Here we show an extreme implementation of fanout. For modeling complex data, the previous example with all properties in a node and this example where each property is in its own node are usually suboptimal.
In general, you use fanout to do one of two things.
-
Reduce duplication of properties. Instead of having a repeated property on every node, you can instead have all of those nodes connected to a shared node with that property. This can make data updates massively easier.
-
Reduce gather-and-inspect behavior during a traversal. In the one node example, if we want to find every address in the city of Axebridge, we would need to check the properties on every Person node, then discard the irrelevant nodes. This is grossly inefficient. In this multiple node case, this is a simple matter of locating the singular Axebridge node, and traversing to every Address node connected to it.
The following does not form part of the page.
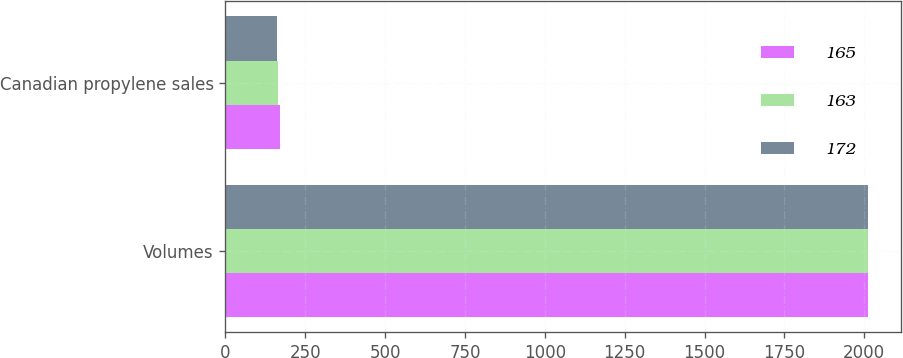<chart> <loc_0><loc_0><loc_500><loc_500><stacked_bar_chart><ecel><fcel>Volumes<fcel>Canadian propylene sales<nl><fcel>165<fcel>2013<fcel>172<nl><fcel>163<fcel>2012<fcel>165<nl><fcel>172<fcel>2011<fcel>163<nl></chart> 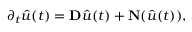Convert formula to latex. <formula><loc_0><loc_0><loc_500><loc_500>\partial _ { t } \hat { u } ( t ) = D \hat { u } ( t ) + N ( \hat { u } ( t ) ) ,</formula>

This model has no “wasted” hops.
As a result, you generally use fanout for anchors and traversing the graph. You almost never see fanout used for output, unique identifier, or decorator properties, because it makes traversal a few hops longer for no real benefit. This is why this maximum-fanout case is usually undesirable. It is almost never the case that every property is an anchor or used for the traversal!
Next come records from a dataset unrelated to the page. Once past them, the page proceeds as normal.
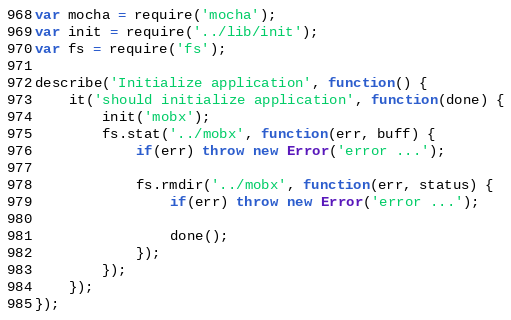<code> <loc_0><loc_0><loc_500><loc_500><_JavaScript_>var mocha = require('mocha');
var init = require('../lib/init');
var fs = require('fs');

describe('Initialize application', function() {
    it('should initialize application', function(done) {
    	init('mobx');
    	fs.stat('../mobx', function(err, buff) {
    		if(err) throw new Error('error ...');
    		
    		fs.rmdir('../mobx', function(err, status) {
    			if(err) throw new Error('error ...');

    			done();
    		});
    	});
    });
});</code>

Best practices for modeling relationships
Your model must address:
-
Using specific relationship types.
-
Reducing symmetric relationships.
-
Using types vs. properties.
Using specific relationship types
Being specific with relationship types allows you to reduce gather-and-inspect behavior. In this case, if you are only interested in what libraries will be INSTALLED by an app, the specific types on the right saves you some wasted traversal.
But… not too specific
But it is possible to be too specific! The model on the right makes it impossible to write generalized queries. If you want to find every person who works at a given address, you would need to write a massive WHERE clause (using OR) to include every person’s name in the relationship type
No symmetric relationships
Semantically symmetric relationships present two problems.
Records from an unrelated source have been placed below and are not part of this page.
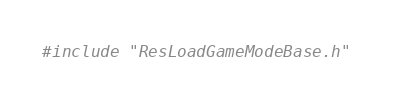<code> <loc_0><loc_0><loc_500><loc_500><_C++_>

#include "ResLoadGameModeBase.h"

</code> 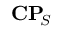<formula> <loc_0><loc_0><loc_500><loc_500>C P \, _ { S }</formula> 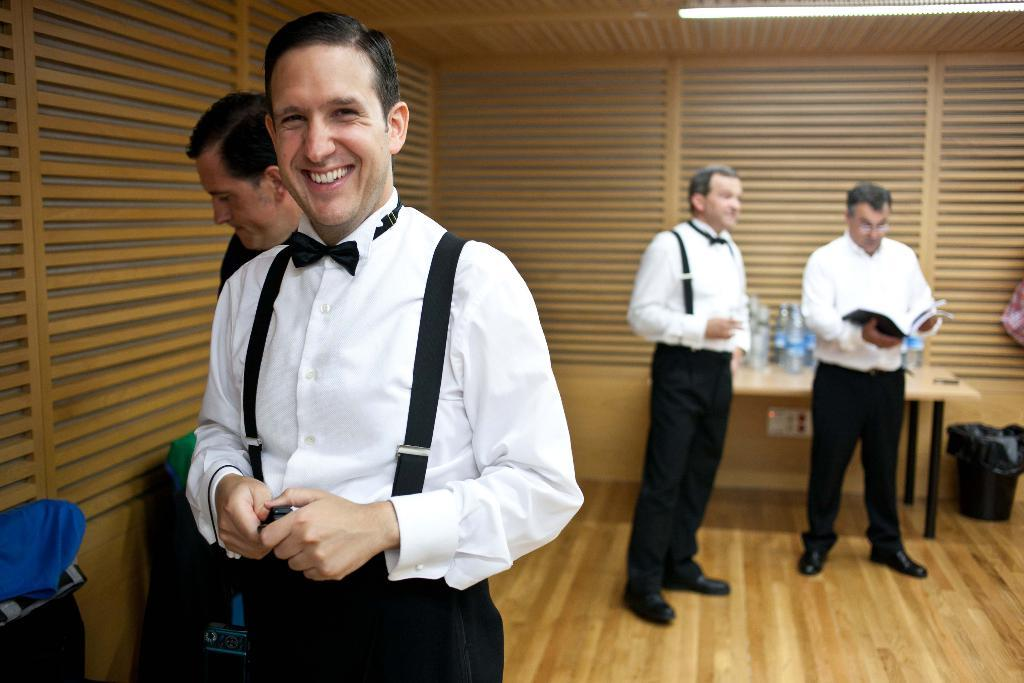Who is present in the image? There is a man in the image. What is the man doing in the image? The man is smiling in the image. What can be seen in the background of the image? There are people, a table, a dustbin, bottles, a wall, and windows visible in the background. What type of sofa can be seen in the image? There is no sofa present in the image. What songs are being sung by the people in the background? There is no indication of any songs being sung in the image; we can only see people in the background.

First, they are a form of needless data duplication. PARENT_OF and CHILD_OF mean exactly the same thing. You cannot have one be true and the other not.
Second, they allow you to violate the Cypher expectation of relationship uniqueness. Semantically, you have two identical relationships—they just look different technically. This allows you to traverse the same relationship twice.
Relationships require space in the graph so minimizing their numbers is always a good thing.
Semantics of symmetry are important
Not all mutual relationships are semantically symmetric.
Here is an example where the direction of the FOLLOWS relationship on Twitter is significant. It matters who has followed who.
Using types vs. properties
Both of these models represent the same idea in different ways. Neither is strictly superior; both are optimized for a certain kind of question.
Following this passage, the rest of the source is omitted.